--- Data shown ---
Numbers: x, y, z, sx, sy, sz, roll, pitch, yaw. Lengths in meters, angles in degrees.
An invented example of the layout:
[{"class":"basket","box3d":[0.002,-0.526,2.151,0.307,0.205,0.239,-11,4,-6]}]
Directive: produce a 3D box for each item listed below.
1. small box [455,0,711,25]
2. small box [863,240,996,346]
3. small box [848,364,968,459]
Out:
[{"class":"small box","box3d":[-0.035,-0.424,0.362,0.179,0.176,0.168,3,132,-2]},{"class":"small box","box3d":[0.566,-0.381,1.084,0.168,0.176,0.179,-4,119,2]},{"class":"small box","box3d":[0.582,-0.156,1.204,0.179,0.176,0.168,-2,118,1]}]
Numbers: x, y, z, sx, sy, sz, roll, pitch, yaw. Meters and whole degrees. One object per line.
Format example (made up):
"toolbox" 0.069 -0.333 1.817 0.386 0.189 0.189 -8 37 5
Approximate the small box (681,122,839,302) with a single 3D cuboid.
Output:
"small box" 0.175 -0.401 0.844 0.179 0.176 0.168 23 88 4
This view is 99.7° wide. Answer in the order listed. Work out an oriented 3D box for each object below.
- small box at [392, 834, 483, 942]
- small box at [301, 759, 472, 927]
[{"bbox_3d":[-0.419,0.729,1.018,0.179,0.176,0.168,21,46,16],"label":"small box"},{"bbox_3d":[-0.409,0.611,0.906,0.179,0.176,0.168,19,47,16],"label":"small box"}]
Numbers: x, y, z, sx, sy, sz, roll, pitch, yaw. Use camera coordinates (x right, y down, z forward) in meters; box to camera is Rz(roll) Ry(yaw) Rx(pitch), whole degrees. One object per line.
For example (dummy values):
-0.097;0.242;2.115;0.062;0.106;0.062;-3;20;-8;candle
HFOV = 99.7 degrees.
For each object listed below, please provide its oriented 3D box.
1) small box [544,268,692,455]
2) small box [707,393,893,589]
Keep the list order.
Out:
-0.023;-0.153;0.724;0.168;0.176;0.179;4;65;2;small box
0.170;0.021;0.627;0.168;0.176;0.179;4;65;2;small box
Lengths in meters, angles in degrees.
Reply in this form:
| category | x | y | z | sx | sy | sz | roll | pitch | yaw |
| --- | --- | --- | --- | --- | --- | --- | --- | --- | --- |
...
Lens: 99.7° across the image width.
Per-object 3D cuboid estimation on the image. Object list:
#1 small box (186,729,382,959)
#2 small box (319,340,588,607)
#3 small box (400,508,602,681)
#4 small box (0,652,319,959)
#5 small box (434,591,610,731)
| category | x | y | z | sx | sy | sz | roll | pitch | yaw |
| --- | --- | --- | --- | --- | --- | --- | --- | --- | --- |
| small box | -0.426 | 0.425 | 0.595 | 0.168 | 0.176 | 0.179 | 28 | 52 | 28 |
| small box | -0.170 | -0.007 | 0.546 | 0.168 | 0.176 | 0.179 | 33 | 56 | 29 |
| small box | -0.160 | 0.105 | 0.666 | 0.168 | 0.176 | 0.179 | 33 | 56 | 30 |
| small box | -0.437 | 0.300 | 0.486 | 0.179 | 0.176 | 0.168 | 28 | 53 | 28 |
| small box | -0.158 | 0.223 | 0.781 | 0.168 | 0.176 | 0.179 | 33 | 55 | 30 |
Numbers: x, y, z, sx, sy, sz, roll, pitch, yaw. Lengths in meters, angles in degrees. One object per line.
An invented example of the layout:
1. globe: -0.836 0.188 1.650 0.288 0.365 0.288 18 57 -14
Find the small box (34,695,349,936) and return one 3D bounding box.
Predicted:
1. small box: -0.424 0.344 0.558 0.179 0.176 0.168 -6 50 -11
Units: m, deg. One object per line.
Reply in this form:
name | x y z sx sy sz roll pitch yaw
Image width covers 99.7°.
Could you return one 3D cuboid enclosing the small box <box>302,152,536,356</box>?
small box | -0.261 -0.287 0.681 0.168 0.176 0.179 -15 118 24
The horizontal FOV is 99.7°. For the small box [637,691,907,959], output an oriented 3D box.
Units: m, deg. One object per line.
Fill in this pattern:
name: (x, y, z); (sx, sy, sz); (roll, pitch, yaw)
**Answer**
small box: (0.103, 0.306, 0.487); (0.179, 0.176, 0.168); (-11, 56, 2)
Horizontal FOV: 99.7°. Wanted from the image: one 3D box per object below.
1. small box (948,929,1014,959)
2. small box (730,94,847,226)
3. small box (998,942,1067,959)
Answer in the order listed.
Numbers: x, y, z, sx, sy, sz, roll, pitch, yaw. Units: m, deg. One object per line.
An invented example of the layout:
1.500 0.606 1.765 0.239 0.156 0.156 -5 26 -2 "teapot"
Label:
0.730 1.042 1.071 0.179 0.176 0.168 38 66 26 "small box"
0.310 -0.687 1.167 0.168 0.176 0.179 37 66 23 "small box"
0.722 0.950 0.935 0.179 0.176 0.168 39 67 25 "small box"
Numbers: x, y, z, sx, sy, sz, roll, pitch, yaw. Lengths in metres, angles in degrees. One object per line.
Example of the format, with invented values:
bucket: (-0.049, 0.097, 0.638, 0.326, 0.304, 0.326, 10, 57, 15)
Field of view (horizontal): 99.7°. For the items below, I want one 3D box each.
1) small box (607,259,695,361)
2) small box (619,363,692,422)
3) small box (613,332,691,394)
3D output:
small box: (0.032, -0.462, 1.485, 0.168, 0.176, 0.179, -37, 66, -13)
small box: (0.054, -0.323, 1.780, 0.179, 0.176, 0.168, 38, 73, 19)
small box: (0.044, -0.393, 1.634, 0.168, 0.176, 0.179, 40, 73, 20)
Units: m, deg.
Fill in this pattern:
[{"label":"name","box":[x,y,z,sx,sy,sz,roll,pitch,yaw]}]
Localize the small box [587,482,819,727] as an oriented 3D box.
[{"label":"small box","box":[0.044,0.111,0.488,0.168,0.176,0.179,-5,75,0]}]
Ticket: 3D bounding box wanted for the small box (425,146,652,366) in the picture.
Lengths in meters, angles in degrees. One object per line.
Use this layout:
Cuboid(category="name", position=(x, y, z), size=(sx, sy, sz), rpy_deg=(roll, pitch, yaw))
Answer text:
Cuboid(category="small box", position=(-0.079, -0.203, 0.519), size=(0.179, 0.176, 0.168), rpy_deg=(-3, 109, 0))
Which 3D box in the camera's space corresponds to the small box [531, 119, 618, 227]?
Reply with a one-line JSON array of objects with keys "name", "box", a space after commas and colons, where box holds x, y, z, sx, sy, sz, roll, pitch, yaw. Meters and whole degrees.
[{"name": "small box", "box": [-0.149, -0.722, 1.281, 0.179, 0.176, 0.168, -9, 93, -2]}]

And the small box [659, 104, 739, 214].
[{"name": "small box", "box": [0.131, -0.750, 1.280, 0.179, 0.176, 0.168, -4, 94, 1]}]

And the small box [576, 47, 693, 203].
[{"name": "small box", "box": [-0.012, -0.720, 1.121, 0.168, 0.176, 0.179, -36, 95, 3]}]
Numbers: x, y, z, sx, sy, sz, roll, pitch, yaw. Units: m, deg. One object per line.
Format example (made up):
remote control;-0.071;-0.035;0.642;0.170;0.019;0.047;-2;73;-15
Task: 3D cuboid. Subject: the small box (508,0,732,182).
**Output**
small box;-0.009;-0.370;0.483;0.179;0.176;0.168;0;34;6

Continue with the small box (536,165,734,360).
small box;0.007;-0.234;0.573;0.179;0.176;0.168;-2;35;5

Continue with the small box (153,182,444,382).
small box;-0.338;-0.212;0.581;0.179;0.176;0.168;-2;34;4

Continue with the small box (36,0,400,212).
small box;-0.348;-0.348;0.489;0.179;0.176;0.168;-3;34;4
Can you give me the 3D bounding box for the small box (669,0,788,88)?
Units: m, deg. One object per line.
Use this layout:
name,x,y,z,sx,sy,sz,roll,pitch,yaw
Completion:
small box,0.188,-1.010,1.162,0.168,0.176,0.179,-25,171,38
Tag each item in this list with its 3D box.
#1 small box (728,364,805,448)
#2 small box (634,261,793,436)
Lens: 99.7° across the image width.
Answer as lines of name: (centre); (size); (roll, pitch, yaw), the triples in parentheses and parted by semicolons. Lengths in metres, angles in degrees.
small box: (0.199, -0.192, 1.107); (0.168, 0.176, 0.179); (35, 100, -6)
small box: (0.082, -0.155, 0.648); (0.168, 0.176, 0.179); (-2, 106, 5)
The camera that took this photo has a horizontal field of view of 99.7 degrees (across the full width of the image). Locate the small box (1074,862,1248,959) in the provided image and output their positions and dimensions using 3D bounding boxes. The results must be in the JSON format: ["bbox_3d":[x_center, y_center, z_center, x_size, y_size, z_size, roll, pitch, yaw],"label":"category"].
---
■ Task description ■
Please restate, word for word, the lines of the entries that run from the first line through the one holding "For example (dummy", and add nothing.

■ Output ■
Numbers: x, y, z, sx, sy, sz, roll, pitch, yaw. Lengths in meters, angles in degrees.
An invented example of the layout:
[{"class":"basket","box3d":[0.002,-0.526,2.151,0.307,0.205,0.239,-11,4,-6]}]
Directive: produce a 3D box for each item listed below.
1. small box [455,0,711,25]
2. small box [863,240,996,346]
3. small box [848,364,968,459]
Out:
[{"class":"small box","box3d":[-0.035,-0.424,0.362,0.179,0.176,0.168,3,132,-2]},{"class":"small box","box3d":[0.566,-0.381,1.084,0.168,0.176,0.179,-4,119,2]},{"class":"small box","box3d":[0.582,-0.156,1.204,0.179,0.176,0.168,-2,118,1]}]
Numbers: x, y, z, sx, sy, sz, roll, pitch, yaw. Meters and whole degrees. One object per line.
Format example (made up):
"toolbox" 0.069 -0.333 1.817 0.386 0.189 0.189 -8 37 5
Approximate the small box (681,122,839,302) with a single 3D cuboid.
Output:
"small box" 0.175 -0.401 0.844 0.179 0.176 0.168 23 88 4
This view is 99.7° wide. Answer in the order listed. Work out an oriented 3D box for each object below.
- small box at [392, 834, 483, 942]
- small box at [301, 759, 472, 927]
[{"bbox_3d":[-0.419,0.729,1.018,0.179,0.176,0.168,21,46,16],"label":"small box"},{"bbox_3d":[-0.409,0.611,0.906,0.179,0.176,0.168,19,47,16],"label":"small box"}]
Numbers: x, y, z, sx, sy, sz, roll, pitch, yaw. Use camera coordinates (x right, y down, z forward) in meters; box to camera is Rz(roll) Ry(yaw) Rx(pitch), whole degrees. One object per line.
For example (dummy values):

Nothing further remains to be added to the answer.